Natalie C Edwards et al. Alzheimers Dement. 2025 Oct.

Abstract

Introduction: Despite having few vascular risk factors, people with Down syndrome (DS) have MRI evidence of cerebrovascular disease (CVD) and neuroinflammation that worsens with Alzheimer's disease (AD) severity. We investigated whether markers of CVD and inflammation are associated with AD-related diagnostic progression in people with DS.
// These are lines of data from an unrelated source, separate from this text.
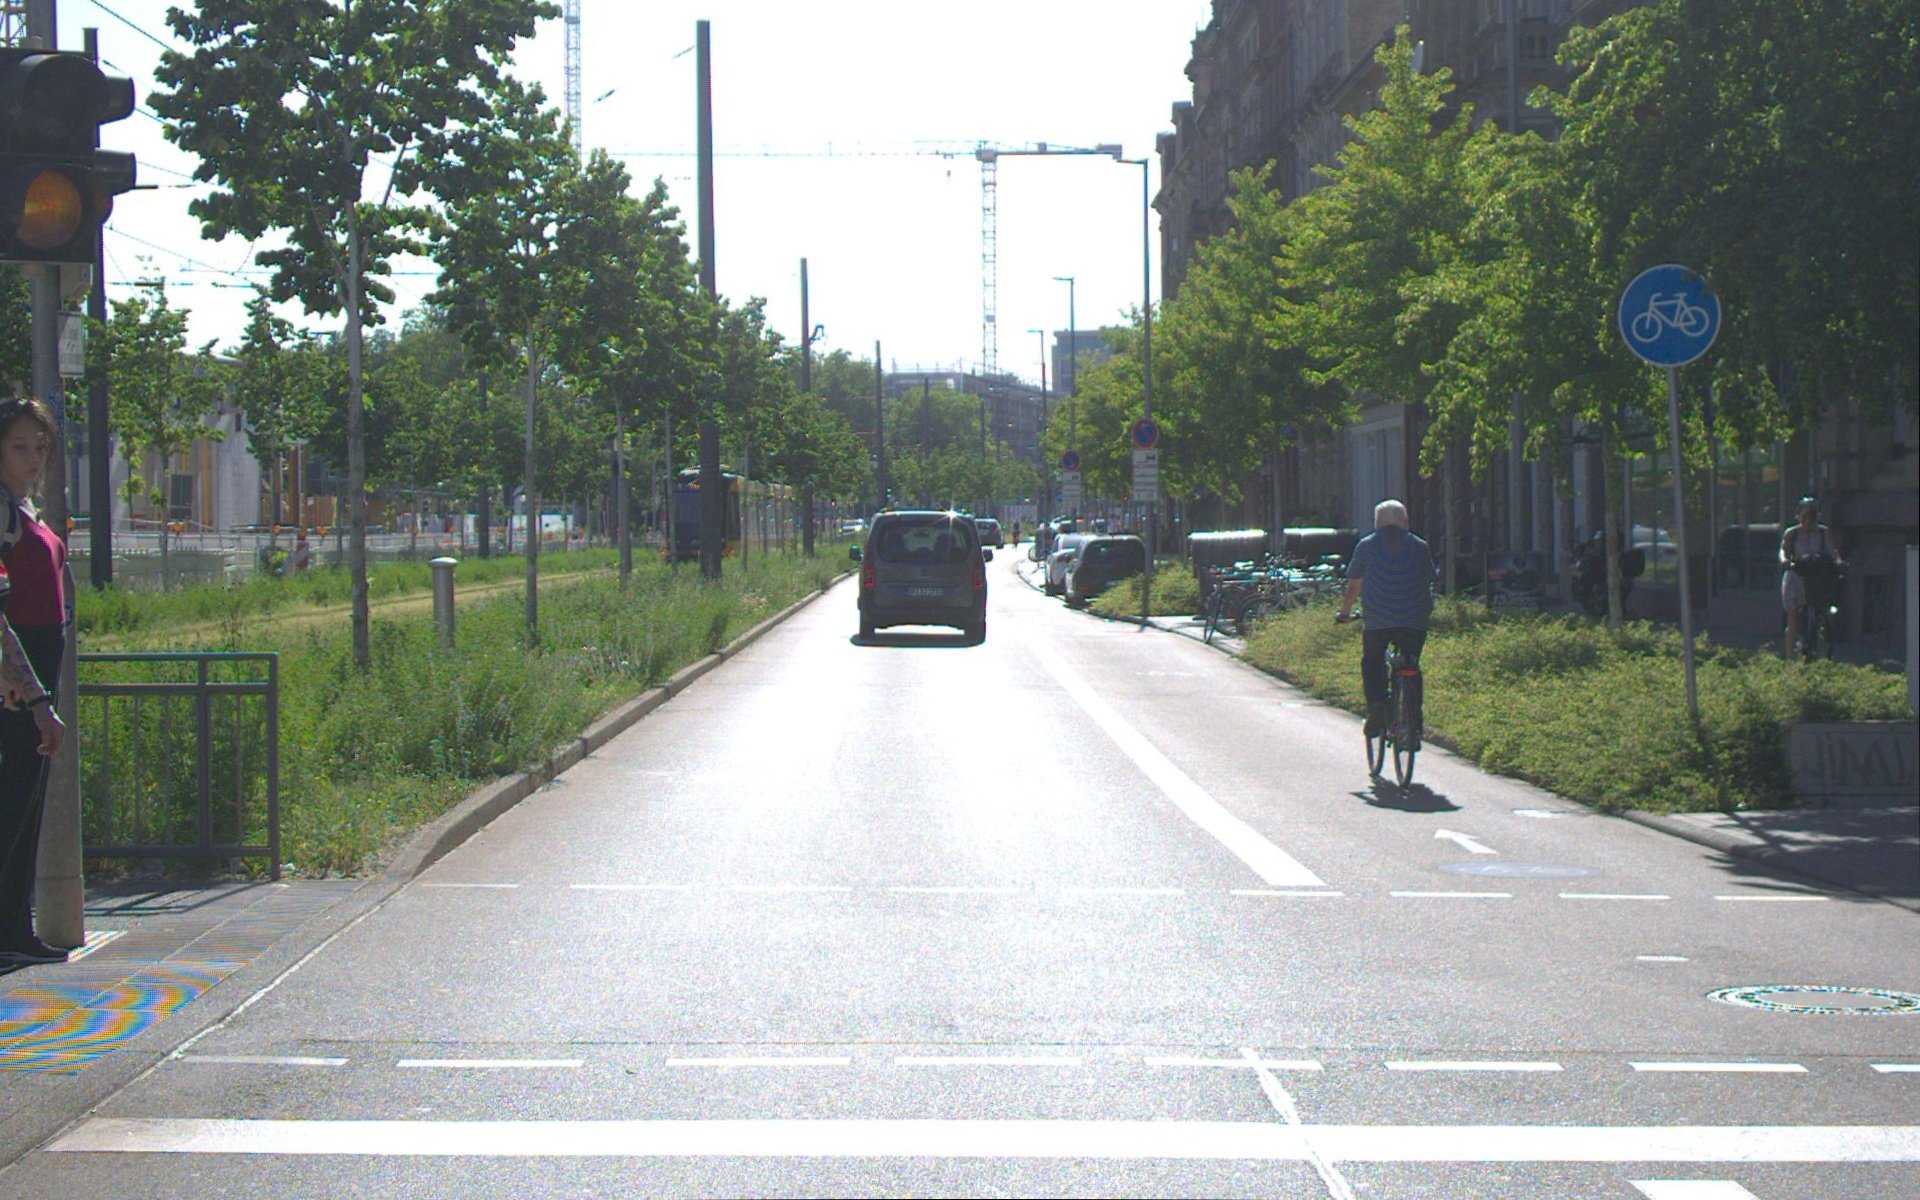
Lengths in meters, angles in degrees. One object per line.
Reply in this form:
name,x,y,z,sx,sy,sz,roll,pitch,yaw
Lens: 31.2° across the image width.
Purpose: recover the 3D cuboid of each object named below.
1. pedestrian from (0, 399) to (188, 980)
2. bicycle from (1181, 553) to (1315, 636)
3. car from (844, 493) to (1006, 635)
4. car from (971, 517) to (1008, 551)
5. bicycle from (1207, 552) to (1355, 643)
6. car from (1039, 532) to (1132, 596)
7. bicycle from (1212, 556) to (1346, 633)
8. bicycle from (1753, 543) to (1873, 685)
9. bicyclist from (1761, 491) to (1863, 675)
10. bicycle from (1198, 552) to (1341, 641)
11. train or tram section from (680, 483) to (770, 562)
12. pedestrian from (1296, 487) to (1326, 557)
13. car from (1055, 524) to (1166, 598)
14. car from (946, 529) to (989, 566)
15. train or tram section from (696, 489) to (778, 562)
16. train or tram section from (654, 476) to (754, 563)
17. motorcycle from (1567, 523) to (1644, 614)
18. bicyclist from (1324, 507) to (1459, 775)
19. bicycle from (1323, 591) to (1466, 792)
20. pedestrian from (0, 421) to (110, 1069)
pedestrian,-3.198,0.290,11.583,1.075,1.902,0.653,-1,1,-7
bicycle,4.117,-0.085,49.140,1.792,1.027,0.527,-5,1,-1
car,-0.517,-0.539,49.375,2.200,1.919,4.654,-1,1,-1
car,1.649,-3.761,196.231,1.993,1.831,4.000,1,1,-1
bicycle,4.172,-0.034,44.752,1.792,1.027,0.527,-5,1,-1
car,3.063,-0.909,84.878,2.028,1.493,4.530,-1,1,-1
bicycle,4.424,-0.079,47.669,1.792,1.027,0.527,-1,1,-1
bicycle,7.692,0.107,31.067,0.583,1.218,1.900,0,1,-1
bicyclist,7.698,-0.160,31.084,0.666,1.633,0.960,-1,1,-1
bicycle,4.148,-0.050,46.126,1.792,1.027,0.527,-5,1,-1
train or tram section,-8.467,-2.755,124.840,2.756,2.733,9.864,1,1,-1
pedestrian,8.143,-1.808,79.820,0.614,1.606,0.669,-1,1,-1
car,3.134,-0.840,72.430,2.028,1.493,4.654,-1,1,-1
car,0.360,-2.523,166.244,1.993,1.723,4.000,1,1,-1
train or tram section,-8.689,-2.872,134.723,2.756,2.733,9.864,1,1,-1
train or tram section,-8.486,-2.642,114.992,2.756,2.733,9.864,1,1,-1
motorcycle,9.249,-0.463,49.309,0.700,1.263,1.982,-1,1,-1
bicyclist,2.753,0.245,22.031,0.684,1.667,0.922,1,1,-1
bicycle,2.757,0.559,21.957,0.601,1.177,1.869,1,1,-1
pedestrian,-2.952,0.387,9.893,0.865,1.782,0.971,0,1,-7
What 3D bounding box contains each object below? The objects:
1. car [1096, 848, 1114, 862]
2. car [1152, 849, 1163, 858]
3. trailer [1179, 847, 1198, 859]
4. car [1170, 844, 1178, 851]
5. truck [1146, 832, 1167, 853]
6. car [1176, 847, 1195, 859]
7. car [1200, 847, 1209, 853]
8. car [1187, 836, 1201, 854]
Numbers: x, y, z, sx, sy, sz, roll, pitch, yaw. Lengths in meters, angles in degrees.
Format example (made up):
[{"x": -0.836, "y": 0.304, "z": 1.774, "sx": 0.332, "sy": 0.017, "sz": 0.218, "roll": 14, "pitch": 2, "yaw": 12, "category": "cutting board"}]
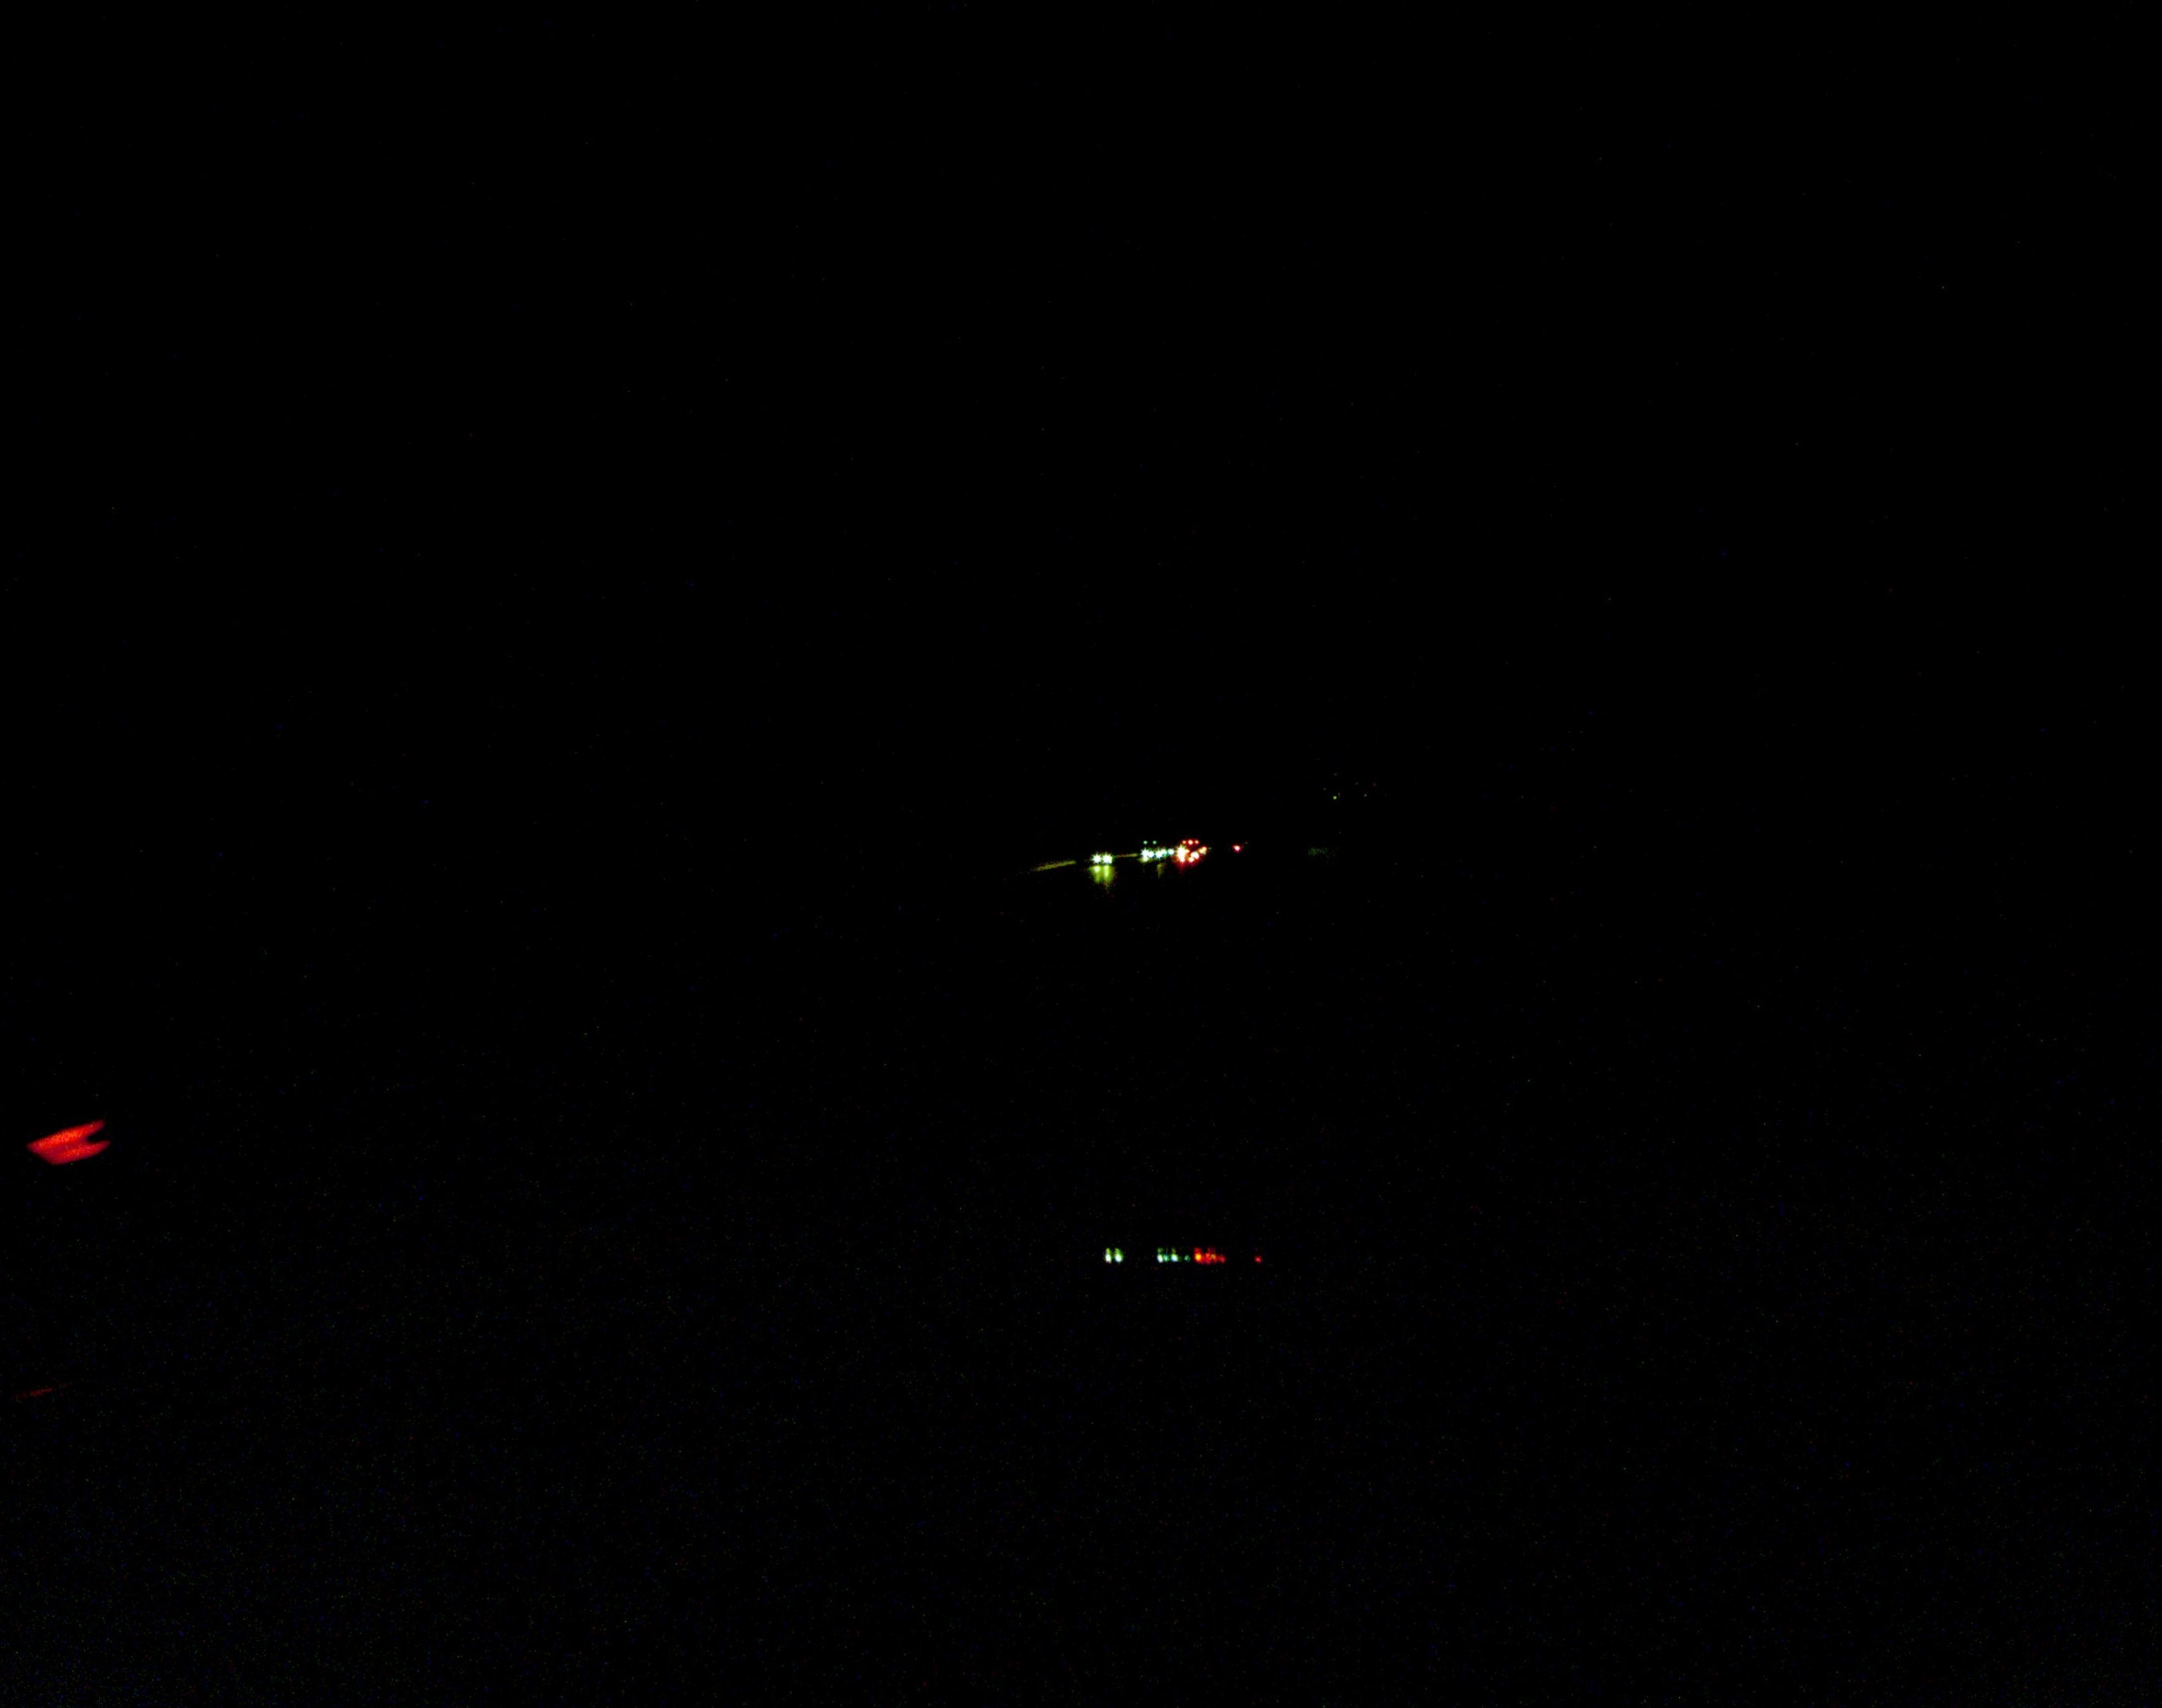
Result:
[{"x": 2.890, "y": 0.124, "z": 89.902, "sx": 1.811, "sy": 1.508, "sz": 3.937, "roll": 0, "pitch": 0, "yaw": 6, "category": "car"}, {"x": 14.291, "y": -0.075, "z": 142.201, "sx": 1.811, "sy": 1.508, "sz": 3.938, "roll": 0, "pitch": 0, "yaw": 8, "category": "car"}, {"x": 12.868, "y": -0.153, "z": 91.040, "sx": 1.888, "sy": 1.418, "sz": 3.351, "roll": 0, "pitch": 0, "yaw": 3, "category": "trailer"}, {"x": 23.486, "y": -1.676, "z": 191.392, "sx": 1.689, "sy": 1.619, "sz": 4.727, "roll": 0, "pitch": 0, "yaw": 13, "category": "car"}, {"x": 16.984, "y": -2.643, "z": 168.856, "sx": 2.969, "sy": 4.251, "sz": 17.155, "roll": 0, "pitch": 2, "yaw": 11, "category": "truck"}, {"x": 13.087, "y": -0.162, "z": 95.186, "sx": 1.917, "sy": 1.418, "sz": 4.953, "roll": 0, "pitch": 0, "yaw": 3, "category": "car"}, {"x": 28.922, "y": -0.891, "z": 178.055, "sx": 1.687, "sy": 1.450, "sz": 4.203, "roll": 0, "pitch": 1, "yaw": 12, "category": "car"}, {"x": 20.206, "y": -1.730, "z": 135.712, "sx": 2.490, "sy": 3.088, "sz": 7.388, "roll": 0, "pitch": 2, "yaw": 9, "category": "car"}]

Methods: We included 149 participants (mean age [SD] = 44.6 [9]) from the Alzheimer's Biomarkers Consortium-Down Syndrome who had two (n = 24) or three follow-up visits (n = 125). We derived white matter hyperintensity (WMH) volume and plasma biomarker (glial fibrillary acidic protein [GFAP], amyloid beta [Aβ]42/Aβ40, hyperphosphorylated tau-217 [p-tau217], and neurofilament light [NfL]) concentrations at baseline and examined their association with progression in clinical diagnosis.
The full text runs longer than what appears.